Caravan of Americans makes them sound like desert nomads riding on camels from Sahara.
After working at a pharmacy and seeing people pay upwards of $10,000 for their insulin and antiseizure and seeing people be outright refused service because their 6 pills of chemo meds (which would cost them like $3000 btw) costs $50,000 on our end because the pharmaceutical company only wholesales it in massive quantities, I'm not surprised that people are jumping the border for medication. I also won't be surprised when the US inevitably criminalizes importations of restricted medicines because pharma companies are losing <0.1% of their profit from this. And people wonder why Americans are some of the most stressed people in the world. Fuck the healthcare racket.
Something is clearly wrong when people essentially have to rely on various styles of crowdfunding just to keep up with this shit.
It's an attempt to draw a parrallel to the caravan of refugees from Mexico that everyone in AMerica got so riled up about. It might be a stretch, but it's not a bad observation. Why the fuck do Americans get to be luxury tourists/migrants while gatekeeping their own borders as if there's any prosperity to lose or share, LMFAO.
It's essentially a giant callout of the most hypocritical country in the world.
For the record, the sane among us (a.k.a. Democrats) don't mind Mexicans trying to come up here to find a better life... particularly those of us who are thinking of going further north to Canada for the same thing. At this rate, I'd even recommend the Mexicans keep going further north and pass right through my country, rather than actually stopping here.
The American Revolution was a mistake
I remember glancing and seeing the headline for it on the news and figuring it would be for something like major medical care, but the fact it's for goddamn insulin of all things is just plain depressing.
This shit is scary, man. I'm under the assumption that if I were to be sick, i'd have to be working even harder because of some ass backwards logic. I'd be fucked if something were to happen while I have no insurance.
This is why when I get cancer from smoking I just want to die. I don't want to put my family or son into debt. Just let me die. And I smoke because I want to die.
"Hey, I know you've only got enough insulin for one more day but you have to come in to work for the rest of the week in order to hope to afford more."
North Korea? China? Venezuela? Nope, the self-described greatest country in the world.

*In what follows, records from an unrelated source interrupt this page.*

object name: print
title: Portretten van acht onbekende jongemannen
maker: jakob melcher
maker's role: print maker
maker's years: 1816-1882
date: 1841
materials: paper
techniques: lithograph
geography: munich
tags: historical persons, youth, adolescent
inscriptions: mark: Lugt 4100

And if you aren't close enough to hop the Canadian border to buy your insulin, well I guess you'll fucking die then.
Under what delusion is this an example of the free market at work?

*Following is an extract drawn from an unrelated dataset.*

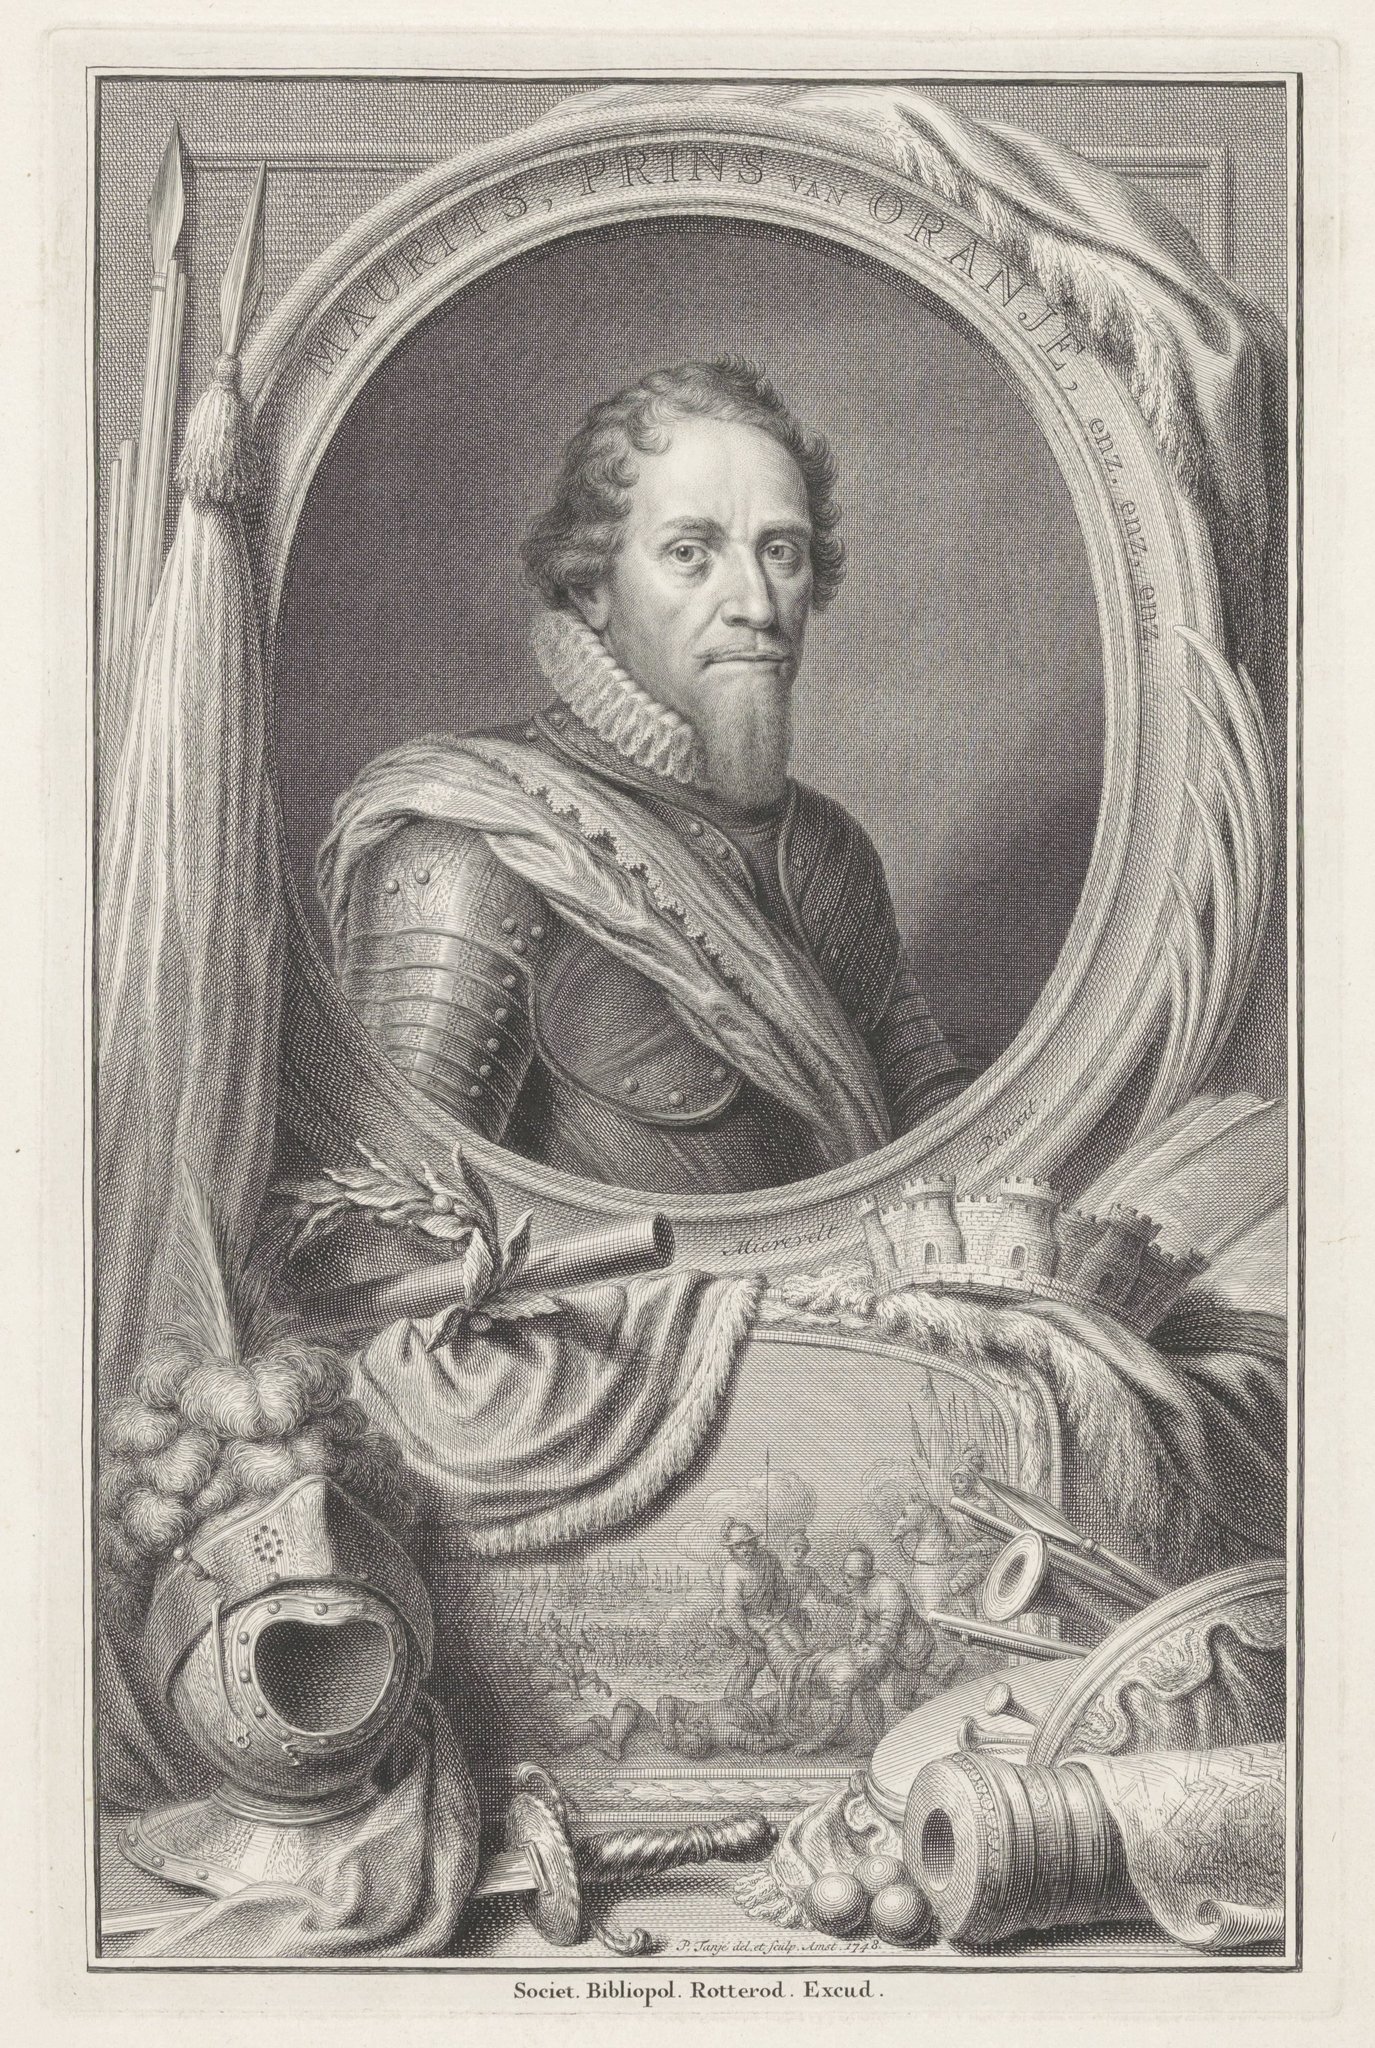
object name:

If anything, them going across the border to buy a cheaper product is the free market at work more than anything else in this story.
FREE TO BE EXPLOITED.
We need to fix this shit, but nowadays you'd be hard pressed to find a politician who isn't being paid off by some corporation. Our government doesn't care about us. They only care about money.
There's an actually free market where anyone rigging insulin prices to 10x would be undercut by competitors years ago, and then there are the policies advocated by so-called "free market" types, often "free market libertarians" who see the market as a protected safe space, with just enough regulation to maintain monopolization but not enough to interfere with corporations in any way except maybe in the case of someone literally murdering their employees in the street. The term "free" here is a lie designed to sugarcoat the underlying greedy motive.
These types exist and they have too much power and influence in all levels of government, which is to say more than none.
Can you give an example of someone influential laying out this sort of argument?